Once carpetas. La duodécima llevaba su nombre. La abrió. Allí estaba su fotografía, sus datos académicos, su historial de operaciones, sus búsquedas recientes en internet. Incluso sus debilidades más íntimas estaban anotadas con una frialdad administrativa que helaba la sangre.

La marihuana. El piloto sostuvo el ordenador con las manos temblorosas.

Durante un momento pensó en el hombre que había caído por el precipicio. En su uniforme invisible, en la seguridad con la que había ejecutado aquella matanza. Seguramente no actuaba solo. Seguramente alguien más conocía aquellas operaciones, alguien más firmaba autorizaciones, alguien más observaba desde un lugar donde las decisiones se toman con tinta negra y la sangre nunca llega a manchar el escritorio. El pagador de los cheques quedaba desdibujado en un entramado bancario y operativo, pero era el responsable último del programa; el Teniente Coronel solamente era un empleado.

Cerró el portátil. La idea de llevárselo consigo se desvaneció casi de inmediato. Un hombre como aquel coronel no habría dejado su información sin protección.

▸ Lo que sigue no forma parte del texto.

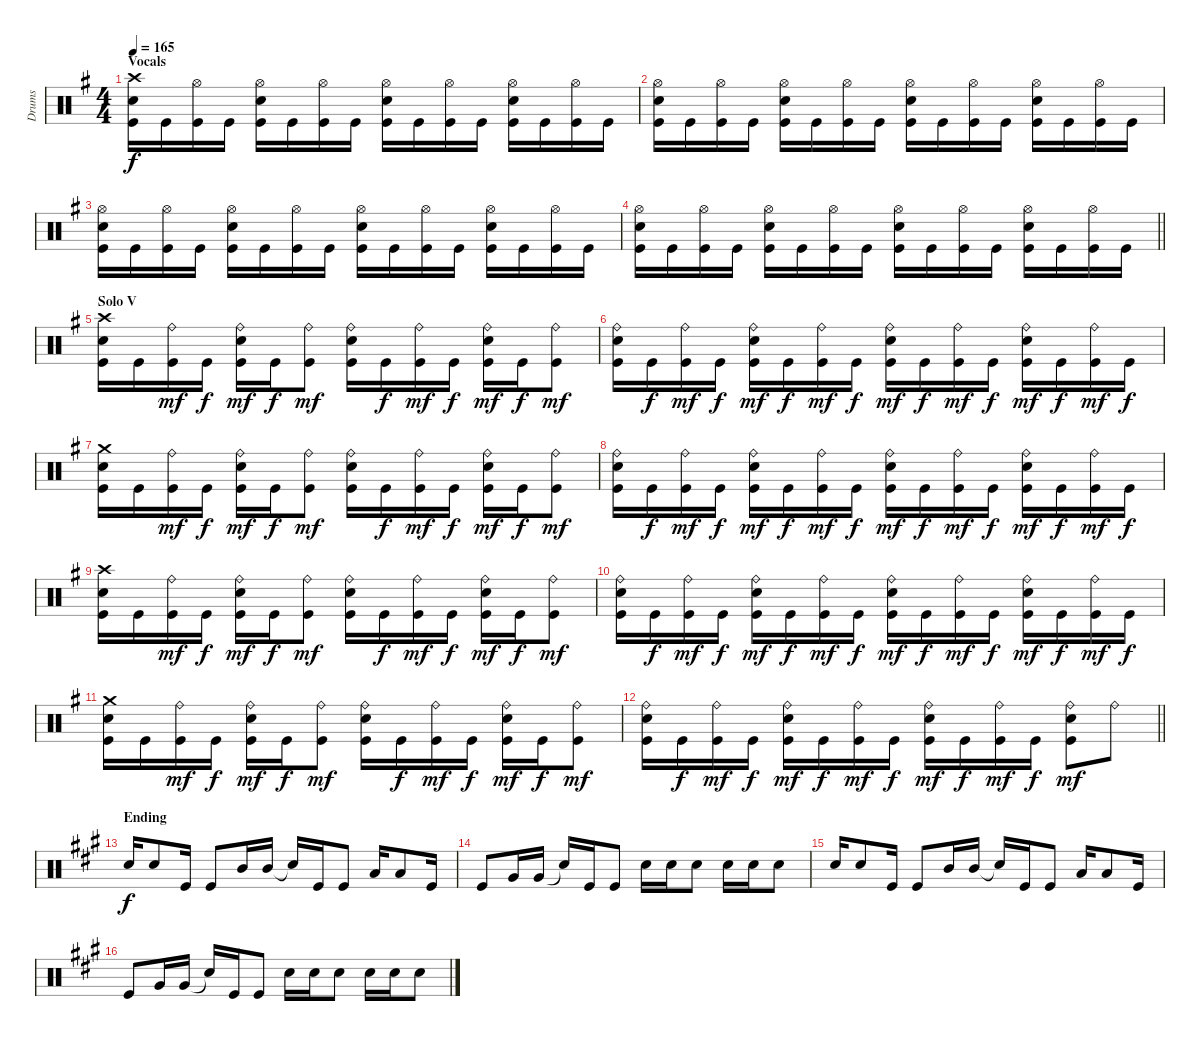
\track ("Drums" "Drums") {instrument percussion}
\staff {score}
\articulation defaults
\ts (4 4)
\section ("" "Vocals")
\tempo 165
\clef neutral
\ks eminor
("Crash high (hit)" "Snare (hit) 2" "Kick (hit)").16{dy f} "Kick (hit)".16 ("Hi-Hat (open)" "Kick (hit)").16 "Kick (hit)".16 ("Hi-Hat (open)" "Snare (hit) 2" "Kick (hit)").16 "Kick (hit)".16 ("Hi-Hat (open)" "Kick (hit)").16 "Kick (hit)".16 ("Hi-Hat (open)" "Snare (hit) 2" "Kick (hit)").16 "Kick (hit)".16 ("Hi-Hat (open)" "Kick (hit)").16 "Kick (hit)".16 ("Hi-Hat (open)" "Snare (hit) 2" "Kick (hit)").16 "Kick (hit)".16 ("Hi-Hat (open)" "Kick (hit)").16 "Kick (hit)".16 |
("Hi-Hat (open)" "Snare (hit) 2" "Kick (hit)").16 "Kick (hit)".16 ("Hi-Hat (open)" "Kick (hit)").16 "Kick (hit)".16 ("Hi-Hat (open)" "Snare (hit) 2" "Kick (hit)").16 "Kick (hit)".16 ("Hi-Hat (open)" "Kick (hit)").16 "Kick (hit)".16 ("Hi-Hat (open)" "Snare (hit) 2" "Kick (hit)").16 "Kick (hit)".16 ("Hi-Hat (open)" "Kick (hit)").16 "Kick (hit)".16 ("Hi-Hat (open)" "Snare (hit) 2" "Kick (hit)").16 "Kick (hit)".16 ("Hi-Hat (open)" "Kick (hit)").16 "Kick (hit)".16 |
("Hi-Hat (open)" "Snare (hit) 2" "Kick (hit)").16 "Kick (hit)".16 ("Hi-Hat (open)" "Kick (hit)").16 "Kick (hit)".16 ("Hi-Hat (open)" "Snare (hit) 2" "Kick (hit)").16 "Kick (hit)".16 ("Hi-Hat (open)" "Kick (hit)").16 "Kick (hit)".16 ("Hi-Hat (open)" "Snare (hit) 2" "Kick (hit)").16 "Kick (hit)".16 ("Hi-Hat (open)" "Kick (hit)").16 "Kick (hit)".16 ("Hi-Hat (open)" "Snare (hit) 2" "Kick (hit)").16 "Kick (hit)".16 ("Hi-Hat (open)" "Kick (hit)").16 "Kick (hit)".16 |
\barLineRight lightlight
("Hi-Hat (open)" "Snare (hit) 2" "Kick (hit)").16 "Kick (hit)".16 ("Hi-Hat (open)" "Kick (hit)").16 "Kick (hit)".16 ("Hi-Hat (open)" "Snare (hit) 2" "Kick (hit)").16 "Kick (hit)".16 ("Hi-Hat (open)" "Kick (hit)").16 "Kick (hit)".16 ("Hi-Hat (open)" "Snare (hit) 2" "Kick (hit)").16 "Kick (hit)".16 ("Hi-Hat (open)" "Kick (hit)").16 "Kick (hit)".16 ("Hi-Hat (open)" "Snare (hit) 2" "Kick (hit)").16 "Kick (hit)".16 ("Hi-Hat (open)" "Kick (hit)").16 "Kick (hit)".16 |
\section ("" "Solo V")
("Crash high (hit)" "Snare (hit) 2" "Kick (hit)").16 "Kick (hit)".16 ("Ride (bell)" "Kick (hit)").16{dy mf} "Kick (hit)".16{dy f} ("Ride (bell)" "Snare (hit) 2" "Kick (hit)").16{dy mf} "Kick (hit)".16{dy f} ("Ride (bell)" "Kick (hit)").8{dy mf} ("Ride (bell)" "Snare (hit) 2" "Kick (hit)").16 "Kick (hit)".16{dy f} ("Ride (bell)" "Kick (hit)").16{dy mf} "Kick (hit)".16{dy f} ("Ride (bell)" "Snare (hit) 2" "Kick (hit)").16{dy mf} "Kick (hit)".16{dy f} ("Ride (bell)" "Kick (hit)").8{dy mf} |
("Ride (bell)" "Snare (hit) 2" "Kick (hit)").16 "Kick (hit)".16{dy f} ("Ride (bell)" "Kick (hit)").16{dy mf} "Kick (hit)".16{dy f} ("Ride (bell)" "Snare (hit) 2" "Kick (hit)").16{dy mf} "Kick (hit)".16{dy f} ("Ride (bell)" "Kick (hit)").16{dy mf} "Kick (hit)".16{dy f} ("Ride (bell)" "Snare (hit) 2" "Kick (hit)").16{dy mf} "Kick (hit)".16{dy f} ("Ride (bell)" "Kick (hit)").16{dy mf} "Kick (hit)".16{dy f} ("Ride (bell)" "Snare (hit) 2" "Kick (hit)").16{dy mf} "Kick (hit)".16{dy f} ("Ride (bell)" "Kick (hit)").16{dy mf} "Kick (hit)".16{dy f} |
("Crash medium (hit)" "Snare (hit) 2" "Kick (hit)").16 "Kick (hit)".16 ("Ride (bell)" "Kick (hit)").16{dy mf} "Kick (hit)".16{dy f} ("Ride (bell)" "Snare (hit) 2" "Kick (hit)").16{dy mf} "Kick (hit)".16{dy f} ("Ride (bell)" "Kick (hit)").8{dy mf} ("Ride (bell)" "Snare (hit) 2" "Kick (hit)").16 "Kick (hit)".16{dy f} ("Ride (bell)" "Kick (hit)").16{dy mf} "Kick (hit)".16{dy f} ("Ride (bell)" "Snare (hit) 2" "Kick (hit)").16{dy mf} "Kick (hit)".16{dy f} ("Ride (bell)" "Kick (hit)").8{dy mf} |
("Ride (bell)" "Snare (hit) 2" "Kick (hit)").16 "Kick (hit)".16{dy f} ("Ride (bell)" "Kick (hit)").16{dy mf} "Kick (hit)".16{dy f} ("Ride (bell)" "Snare (hit) 2" "Kick (hit)").16{dy mf} "Kick (hit)".16{dy f} ("Ride (bell)" "Kick (hit)").16{dy mf} "Kick (hit)".16{dy f} ("Ride (bell)" "Snare (hit) 2" "Kick (hit)").16{dy mf} "Kick (hit)".16{dy f} ("Ride (bell)" "Kick (hit)").16{dy mf} "Kick (hit)".16{dy f} ("Ride (bell)" "Snare (hit) 2" "Kick (hit)").16{dy mf} "Kick (hit)".16{dy f} ("Ride (bell)" "Kick (hit)").16{dy mf} "Kick (hit)".16{dy f} |
("Crash high (hit)" "Snare (hit) 2" "Kick (hit)").16 "Kick (hit)".16 ("Ride (bell)" "Kick (hit)").16{dy mf} "Kick (hit)".16{dy f} ("Ride (bell)" "Snare (hit) 2" "Kick (hit)").16{dy mf} "Kick (hit)".16{dy f} ("Ride (bell)" "Kick (hit)").8{dy mf} ("Ride (bell)" "Snare (hit) 2" "Kick (hit)").16 "Kick (hit)".16{dy f} ("Ride (bell)" "Kick (hit)").16{dy mf} "Kick (hit)".16{dy f} ("Ride (bell)" "Snare (hit) 2" "Kick (hit)").16{dy mf} "Kick (hit)".16{dy f} ("Ride (bell)" "Kick (hit)").8{dy mf} |
("Ride (bell)" "Snare (hit) 2" "Kick (hit)").16 "Kick (hit)".16{dy f} ("Ride (bell)" "Kick (hit)").16{dy mf} "Kick (hit)".16{dy f} ("Ride (bell)" "Snare (hit) 2" "Kick (hit)").16{dy mf} "Kick (hit)".16{dy f} ("Ride (bell)" "Kick (hit)").16{dy mf} "Kick (hit)".16{dy f} ("Ride (bell)" "Snare (hit) 2" "Kick (hit)").16{dy mf} "Kick (hit)".16{dy f} ("Ride (bell)" "Kick (hit)").16{dy mf} "Kick (hit)".16{dy f} ("Ride (bell)" "Snare (hit) 2" "Kick (hit)").16{dy mf} "Kick (hit)".16{dy f} ("Ride (bell)" "Kick (hit)").16{dy mf} "Kick (hit)".16{dy f} |
("Crash medium (hit)" "Snare (hit) 2" "Kick (hit)").16 "Kick (hit)".16 ("Ride (bell)" "Kick (hit)").16{dy mf} "Kick (hit)".16{dy f} ("Ride (bell)" "Snare (hit) 2" "Kick (hit)").16{dy mf} "Kick (hit)".16{dy f} ("Ride (bell)" "Kick (hit)").8{dy mf} ("Ride (bell)" "Snare (hit) 2" "Kick (hit)").16 "Kick (hit)".16{dy f} ("Ride (bell)" "Kick (hit)").16{dy mf} "Kick (hit)".16{dy f} ("Ride (bell)" "Snare (hit) 2" "Kick (hit)").16{dy mf} "Kick (hit)".16{dy f} ("Ride (bell)" "Kick (hit)").8{dy mf} |
\barLineRight lightlight
("Ride (bell)" "Snare (hit) 2" "Kick (hit)").16 "Kick (hit)".16{dy f} ("Ride (bell)" "Kick (hit)").16{dy mf} "Kick (hit)".16{dy f} ("Ride (bell)" "Snare (hit) 2" "Kick (hit)").16{dy mf} "Kick (hit)".16{dy f} ("Ride (bell)" "Kick (hit)").16{dy mf} "Kick (hit)".16{dy f} ("Ride (bell)" "Snare (hit) 2" "Kick (hit)").16{dy mf} "Kick (hit)".16{dy f} ("Ride (bell)" "Kick (hit)").16{dy mf} "Kick (hit)".16{dy f} ("Ride (bell)" "Snare (hit) 2" "Kick (hit)").8{dy mf} "Ride (bell)".8 |
\section ("" "Ending")
\ks f#minor "Snare (hit) 2".16{dy f} "Snare (hit) 2".8 "Kick (hit)".16 "Kick (hit)".8 "Mid Tom (hit)".16 "Mid Tom (hit)".16 "Snare (hit)"{t}.16 "Kick (hit)".16 "Kick (hit)".8 "Low Tom (hit)".16 "Low Tom (hit)".8 "Kick (hit)".16
|
"Kick (hit)".8 "Very Low Tom (hit)".16 "Very Low Tom (hit)".16 "Snare (hit)"{t}.16 "Kick (hit)".16 "Kick (hit)".8 "Snare (hit) 2".16 "Snare (hit) 2".16 "Snare (hit) 2".8 "Snare (hit) 2".16 "Snare (hit) 2".16 "Snare (hit) 2".8 |
"Snare (hit) 2".16 "Snare (hit) 2".8 "Kick (hit)".16 "Kick (hit)".8 "Mid Tom (hit)".16 "Mid Tom (hit)".16 "Snare (hit)"{t}.16 "Kick (hit)".16 "Kick (hit)".8 "Low Tom (hit)".16 "Low Tom (hit)".8 "Kick (hit)".16 |
"Kick (hit)".8 "Very Low Tom (hit)".16 "Very Low Tom (hit)".16 "Snare (hit)"{t}.16 "Kick (hit)".16 "Kick (hit)".8 "Snare (hit) 2".16 "Snare (hit) 2".16 "Snare (hit) 2".8 "Snare (hit) 2".16 "Snare (hit) 2".16 "Snare (hit) 2".8

Cualquier dispositivo podía delatar su posición, cualquier error podía convertirse en una sentencia.

La ráfaga de disparos seguía resonando en su memoria como un trueno que se repetía en la mente. Entonces comprendió que la única salida posible no era esconderse. Era contar.

Bajó del risco corriendo, esquivando raíces y ramas en la oscuridad del bosque. El viento frío de la madrugada golpeaba su rostro mientras descendía hacia la carretera. Desde el autobús que finalmente lo sacó de aquel lugar buscó el nombre de un periodista al que llevaba tiempo leyendo. Uno de los pocos que todavía hacía preguntas.

Lo llamó. Se encontraron esa misma noche. El piloto habló durante horas. Contó lo que había visto, lo que había hecho, lo que había descubierto. Entregó capturas, archivos, listas. El periodista grabó su testimonio con una atención silenciosa, como si supiera que cada palabra tenía el peso de una losa.

Cuando terminaron, le sacó un par de fotos, le dio la mano, y prometió mover la información.

Podría desatarse un escándalo. O eso pensaron.

Dos días después, Nixon Javier Niño Morales, conocido por su empleador como “el piloto”, fue velado en una pequeña sala funeraria a dos calles de la casa de su madre.

Lo habían matado de un solo disparo.

La bala le entró por la espalda mientras caminaba hacia su casa al anochecer. Nadie vio nada. Nadie escuchó nada.

En el barrio decían que Nixon era un muchacho tranquilo, que no se metía con nadie. Algunos lo comentaban en voz baja: mala suerte, quizá un atraco que salió mal, otra de esas muertes absurdas que la ciudad aprende a digerir sin detenerse demasiado. Pero el piloto ya había sospechado lo que iba a ocurrir.

La noche anterior había escrito a su mejor amigo. Estaba borracho y desesperado, pero aún conservaba la lucidez suficiente para entender que la verdad no siempre sobrevive a quien la descubre. Le envió un par de archivos.

—Por si me pasa algo.

Después formateó su ordenador. Taladró el disco duro hasta convertirlo en chatarra. Entre los archivos que había entregado dejó también una carta dirigida a su madre. En ella explicaba todo: lo que había visto, lo que había hecho, lo que había descubierto en aquel bosque.

Hoy, el testimonio de Nixon Javier Niño Morales forma parte de una larga lista de denuncias reunidas por una pequeña organización de derechos humanos que sigue investigando desapariciones, ejecuciones y operaciones que nunca llegaron a los tribunales.

Para su madre, Josefina Morales, no es un expediente. Es una historia de vida. La historia de un hijo que descubrió demasiado. En la Colombia de 2031 la guerra no perdona a los testigos. Los condena al ostracismo y la irrelevancia, o se deshace de ellos. Nixon Javier pagó por acercarse demasiado.